The thing is, this is a big city, and a city full of surprises. Even on this, my last day here, I found new things that I’d never seen, or never noticed, before. It’s the kind of place where you could live for ten years and there’d still be statues that you’d never seen, squares that you’ve never stumbled across, museums that you’ve never visited and bars that you’ve never eaten in. As a foreigner, here for a limited time, I have a funny attitude to this city: crossing it is no problem, because even a forty minute cycle ride is nothing compared to the 500 miles that separate me from home, and that soon will separate me from here. But it’s a question of balance, too, because I remember a holiday with my parents, years ago, when the place de la Bastille was a long excursion out. At one point this year, I was heading there every day.
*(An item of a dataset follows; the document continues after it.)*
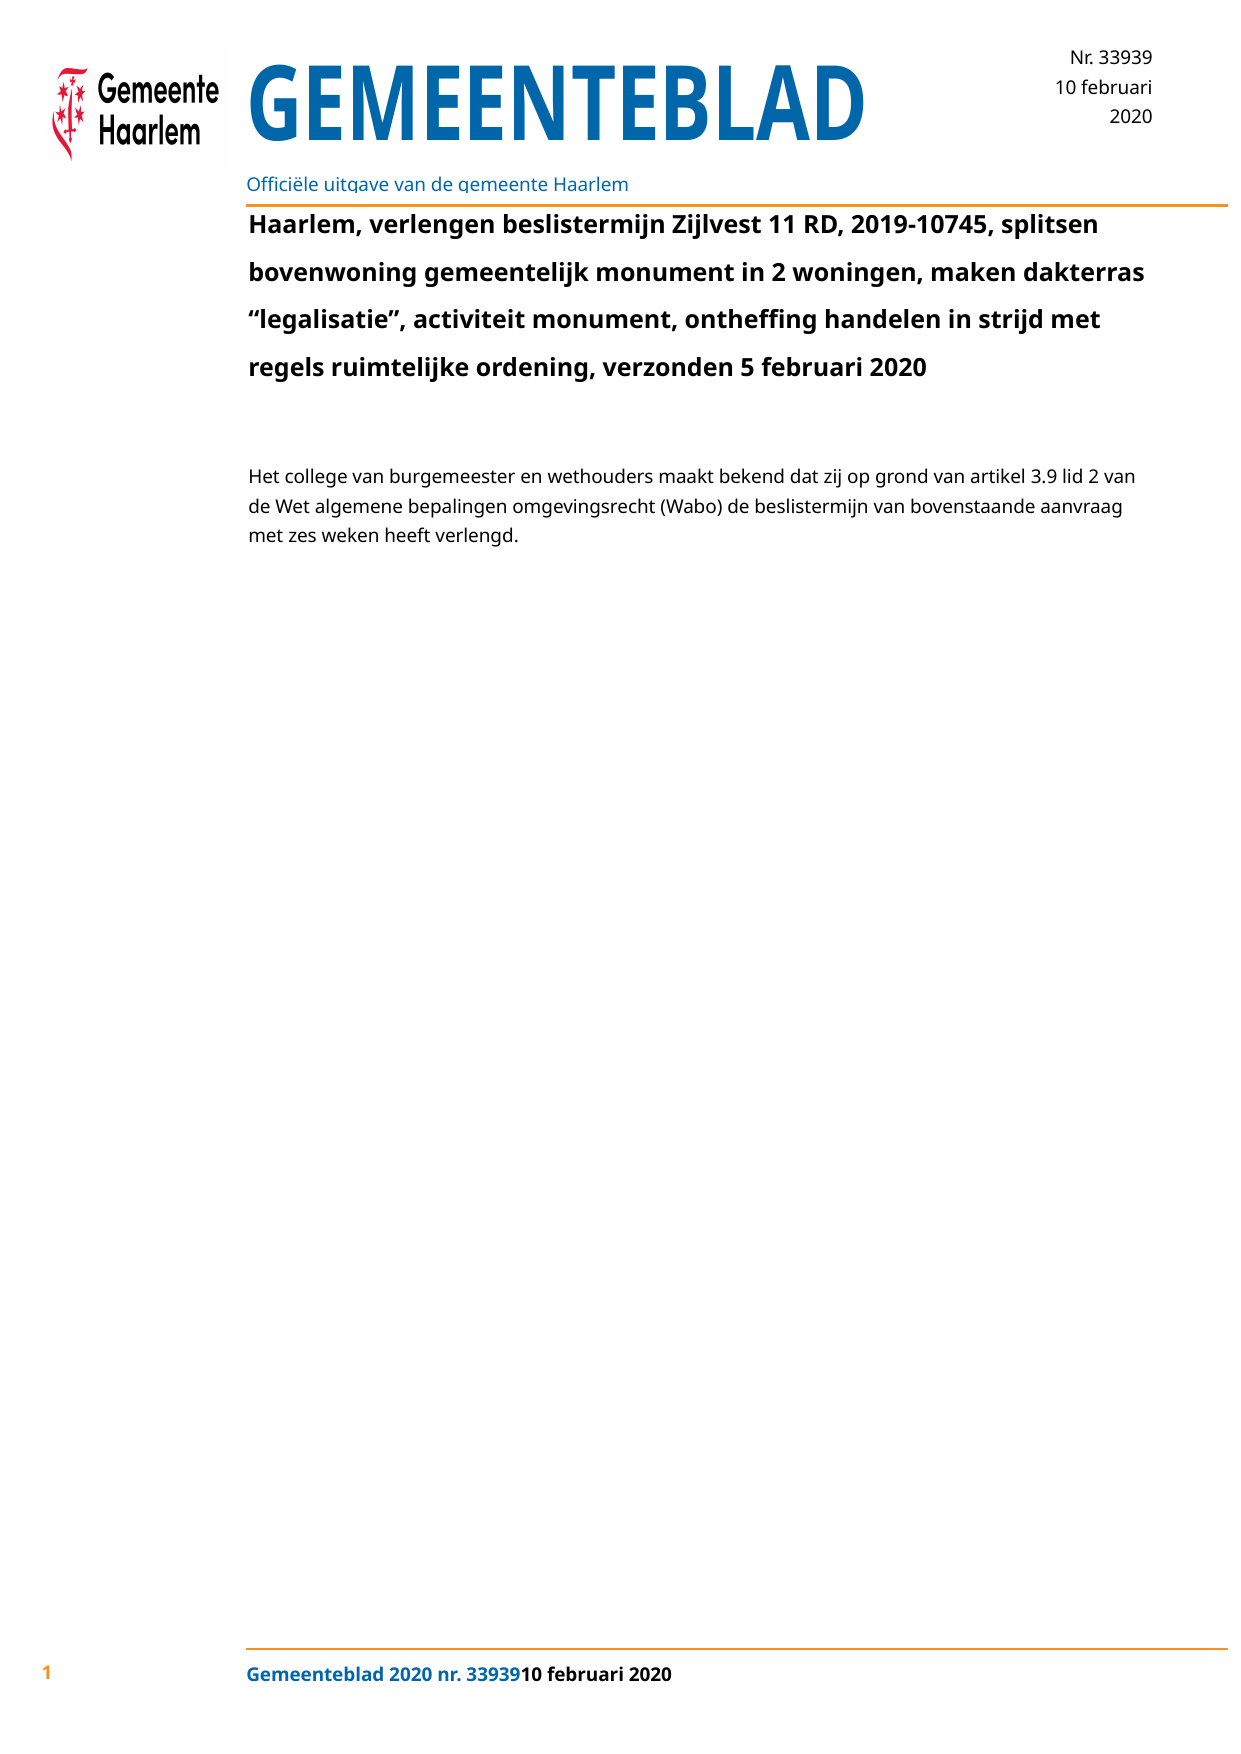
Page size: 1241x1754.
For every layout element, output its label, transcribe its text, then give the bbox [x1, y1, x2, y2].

text Het college van burgemeester en wethouders maakt bekend dat zij op grond van artikel 3.9 lid 2 van de Wet algemene bepalingen omgevingsrecht (Wabo) de beslistermijn van bovenstaande aanvraag met zes weken heeft verlengd. [248, 463, 1152, 548]
text Haarlem, verlengen beslistermijn Zijlvest 11 RD, 2019-10745, splitsen bovenwoning gemeentelijk monument in 2 woningen, maken dakterras “legalisatie”, activiteit monument, ontheffing handelen in strijd met regels ruimtelijke ordening, verzonden 5 februari 2020 [248, 207, 1152, 384]
picture [41, 47, 231, 172]

Saying goodbyes isn’t exactly something I enjoy, but somehow final things feel a little easier when you know that they really are final. You can prepare, write a thank-you card, savour the moment, take a photograph. I had plenty of those this week, but there were also too many things that slipped away without me noticing. I headed home, tired, damp (yes, it decided to rain on my last day!) and almost too weary to pull myself up the five flights of stairs (but to be honest, I’ve thought that every day since I arrived here!), and yet not quite ready not to see the Eiffel Tower sparkle one last time. I will no doubt come back, of course, but it will be different. I will be different, the city will be different: it has changed even as I have been here. And I will be one of those boring people who talks about “when I lived here as a student”. Heaven forbid.

But that’s enough for now: I have packing to do, and a train to catch. One last thought: it ended with a cake called pudding.